Qubole on Google Cloud Platform

Qubole is a cloud-native data platform for machine learning, AI, and big data analytics. Qubole on Google Cloud Platform (GCP) provides a first-class user experience through a unified workbench that includes notebooks, dashboards, a native interface for all commands, and built-in tools for easy, secure collaboration.

Qubole’s self-service platform combines the performance, reliability, and scalability of GCP, enabling easier, more collaborative processing of big data workloads on Apache Spark and Hadoop.

Qubole on GCP delivers:

Unified experience for data science and data engineering

Native workbench that includes notebooks, dashboards, and a common interface for all commands and tasks.
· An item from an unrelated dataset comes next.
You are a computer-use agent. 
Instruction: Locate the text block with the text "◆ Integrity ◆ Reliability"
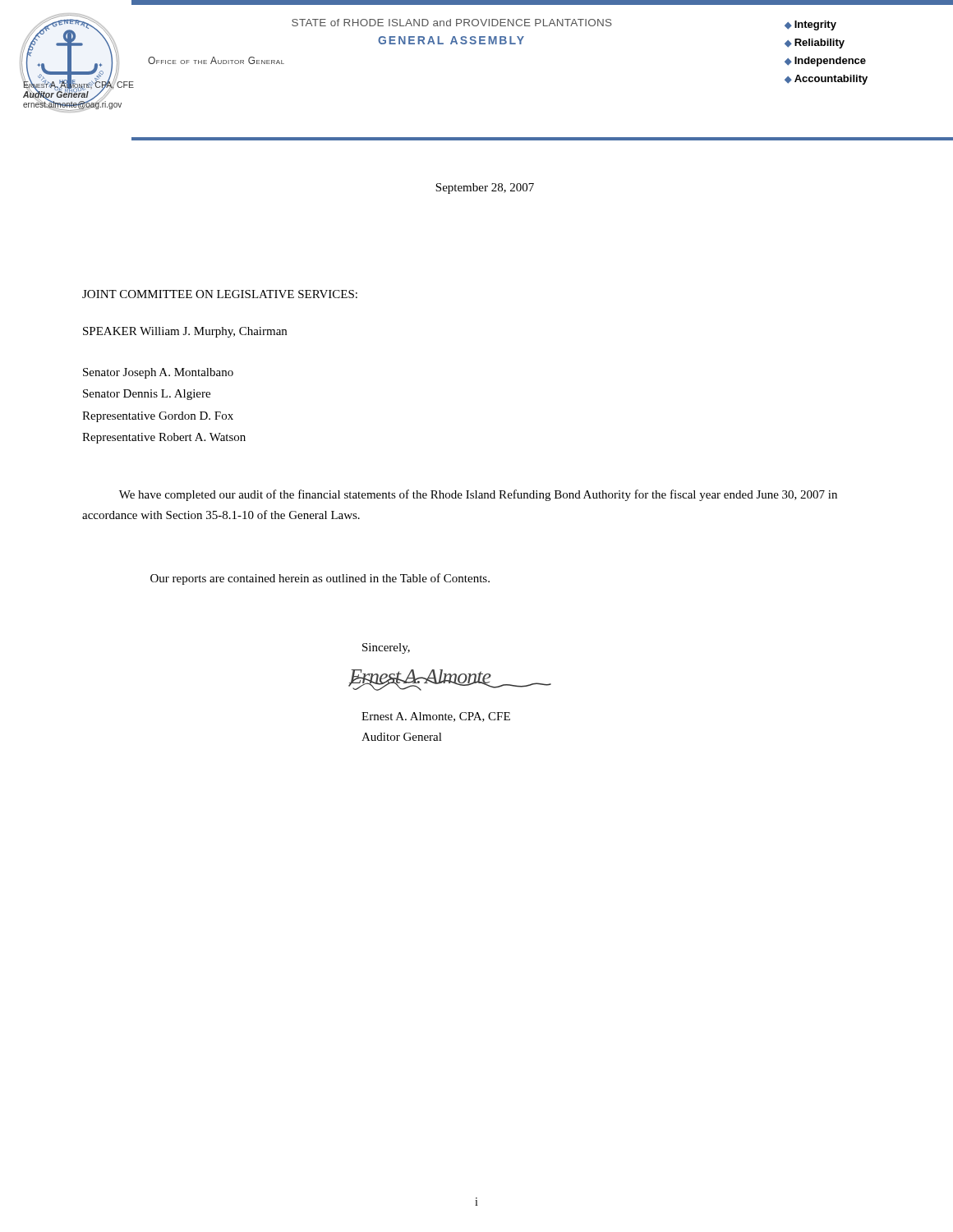pos(854,51)

This enables data engineers and data scientists to collaborate using familiar tools, languages, and data processing engines.

Day-1 self-service access

Fast access to Qubole through GCP Marketplace, with automatic account setup, Google Cloud authentication, and simplified user onboarding.

24x7 support for open source engines

Highly optimized versions of open source engines and frameworks with advanced caching and performance optimizations. Dedicated support and engineering teams specialized by engine.

Low cost and high reliability

Automatic upscaling, rebalancing, and aggressive downscaling of clusters with a complete context of the workload, SLA, and priority of each job. Includes intelligent autonomous and policy-based management of regular compute instances or Preemptible VMs.

Enterprise-grade security

Fine-grained predefined or custom identity and access management roles to separate compute and data access. Qubole also offers role-based access controls for secure collaboration in notebooks and commands.

Easy access to many data sources

Connectors for Google Cloud Storage, Google BigQuery, Oracle, MySQL, Postgres, MongoDB, and more.

For Data Scientists

  • Notebooks for Cloud Storage and BigQuery
  • Python, Scala, SQL, and R in Notebooks
  • Spark MLlib, Scikit-learn, SparkR
  • Collaboration using ACLs and foldering
  • Schedule Notebooks natively or in Airflow
  • Visualizations and dashboards

For Data Engineers

  • Native workbench for all commands
  • Easy lookup of BigQuery and Hive tables
  • Command examples and shareable history
  • Schedule commands natively or in Airflow
  • Data import/export from multiple sources
  • Native API / SDK and UI for all commands

Fast Access and Simplified Onboarding

  • Easy purchase via GCP Marketplace
  • Try & Buy with Qubole Test Drive
  • Integrated with your GCP Bill
  • One-click Qubole account setup
  • Authentication with Google account
  • Optional customized scripted setup

Enterprise-grade Security

  • Predefined or granular custom IAM roles
  • Separate access roles for compute and storage
  • Role-based controls for users and groups
  • Secure collaboration for Notebooks and commands
  • Data access controls with Hive Authorization

Automated Cluster Lifecycle Management

Qubole allows you to efficiently manage all major functions of the cluster lifecycle — configure, provision, monitor, scale, optimize, and recover — through automation. Qubole’s built-in financial governance capabilities provide immediate visibility into platform usage costs with advanced tools for budget allocation, chargeback, and monitoring and controlling your cloud spend.

Workload-Aware Autoscaling

Qubole’s workload-aware autoscaling upscales, downscales, and rebalances clusters with a complete context of the workload, SLA, and priority of each job. Aggressive Cluster Downscaling uses intelligent self-learning algorithms such as Smart Victim Selection, Graceful Downscaling, and Container Packing to balance workloads across active nodes and decommission idle ones without the risk of data loss.

Intelligent Low-cost Compute Management

Qubole’s intelligent management of low-cost compute nodes allows organizations to optimize the use of Google’s Preemptible VMs, resulting in drastic cost savings. Qubole provides policy-based automation of Preemptible VM usage to balance performance, cost, and SLA compliance.

Heterogeneous Cluster Configuration

Qubole’s Heterogeneous Cluster Configuration for on-demand and Preemptible VMs allows you to pick the most cost-effective combination for your job through automation. Qubole enables you to configure heterogeneous clusters by mixing nodes of multiple instance types, delivering much greater data processing efficiency.